Democrats were critical of being shut out of the legislative discussions leading up to the special session, and of receiving little lead time to review the bills. The K-12 bill, for example, was made public only an hour before it was voted upon.

"This just isn't the way good government works," said Rep. Kim Norton, a Democrat, in an online post.

Although Republican legislative leaders and Dayton, a Democrat, agreed to the framework of an agreement last week, Republicans were still caucusing to formalize their bill proposals even as the session was running Tuesday. There were sharp differences between party members in some of those caucus meetings, officials said.

Mayo Clinic stands to be a big beneficiary of the $11.2 billion Health and Human Services bill. The bill begins a phase-out of a provider tax, which had cost Mayo an estimated $60 million per year.

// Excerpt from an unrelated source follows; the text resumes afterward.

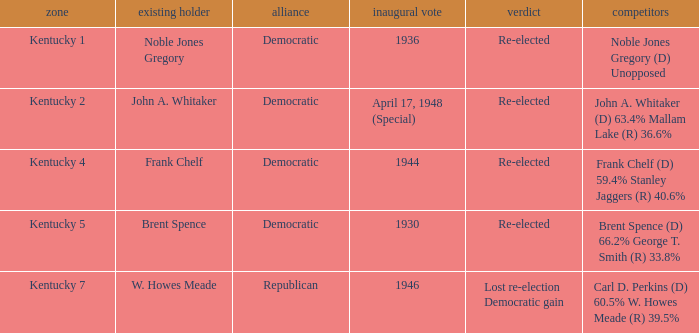How many times was incumbent Noble Jones Gregory first elected? 1.0.

In addition, the bill voids an earlier-proposed Medicaid surcharge, which would have cost Mayo an extra $22.5 million per year.

Critics of the HHS bill said it would hurt the quality of rural health care, will cut compensation to licensed child-care providers by 2.5 percent, and will eliminate grants for county programs collecting child support, a federally mandated service. Eliminating the state grants while the mandate still stands will cause property taxes to rise, said Sen. Linda Berglin, a Minneapolis DFLer.